In other ways, though, this time around feels even worse. It was bad enough to see the country fall for all that hope and change nonsense of ’08 race, and embrace a creepy cult of personality that is entirely unsuited to a free nation, but even more dispiriting to see it re-elect Obama without even the pretense of such optimistic delusions. The only rationale for Obama’s re-election was an obstinate unwillingness to face up to the country’s harrowing fiscal reality, along with a resultant willingness to believe the worst about anyone who might make the hard choices that are still available, and it looks as though the second term will be marked by the same cynical attacks on anyone who dares try to slow the nation’s headlong rush toward to financial insolvency.

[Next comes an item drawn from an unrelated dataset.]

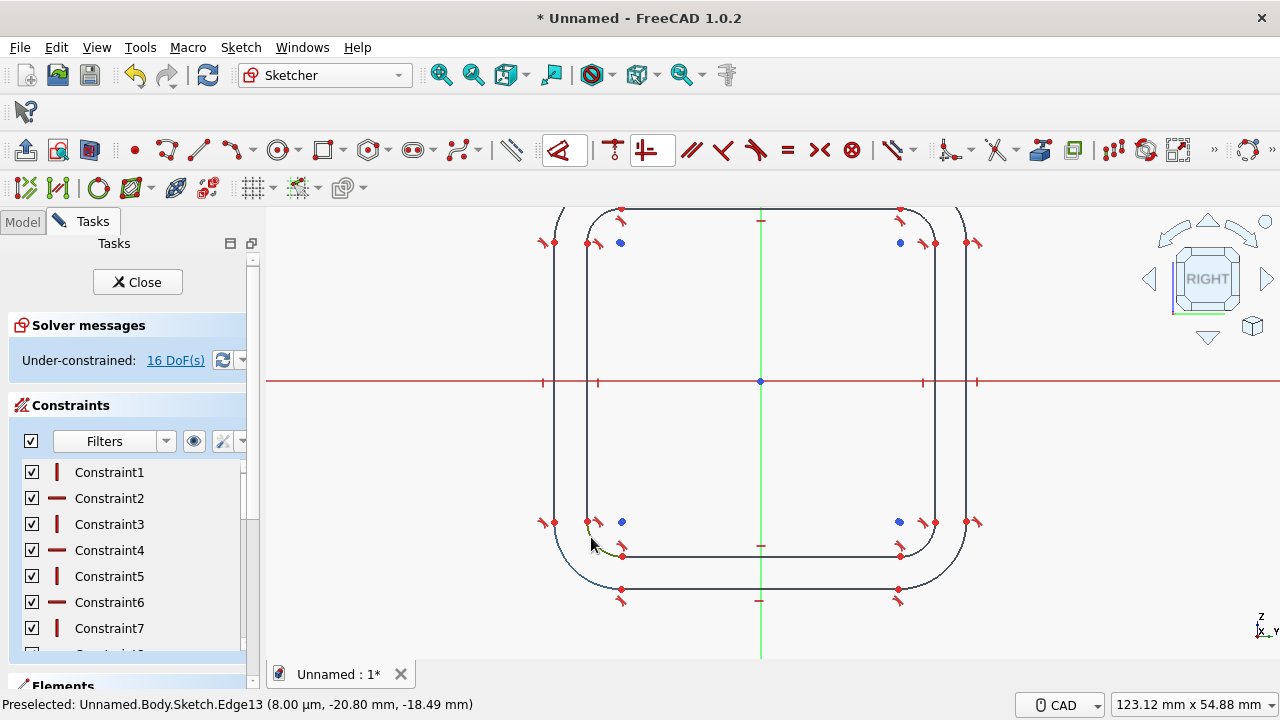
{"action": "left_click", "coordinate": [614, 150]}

The president used the last press conference of his first term to charge that the Republicans wish to see old people starving in the streets, or at least that they are “suspicious” of his heroic efforts to prevent that calamity, and while most of the media have abandoned the implausible claim that Obama is the messiah they’re still willing to echo the message that his opposition is the devil. One can still hope the House will still restrain Obama’s spending, or merely limit its increases to a level that will allow the country to forestall catastrophe long enough to get a more responsible president, and the mass protests against his gun-grabbing proclivities have already begun, but at best it will be a bitter fight with the sort of divisiveness that the president seems to relish.
By strange coincidence this inauguration day falls on what we are told is the most depressing day of every day, the “Blue Monday” when the holiday cheerfulness has entirely dissipated and the reality of a cold and dark winter settles in on the human psyche. Perhaps it’s just this calendar and the climate, but this is a bluer Monday than most.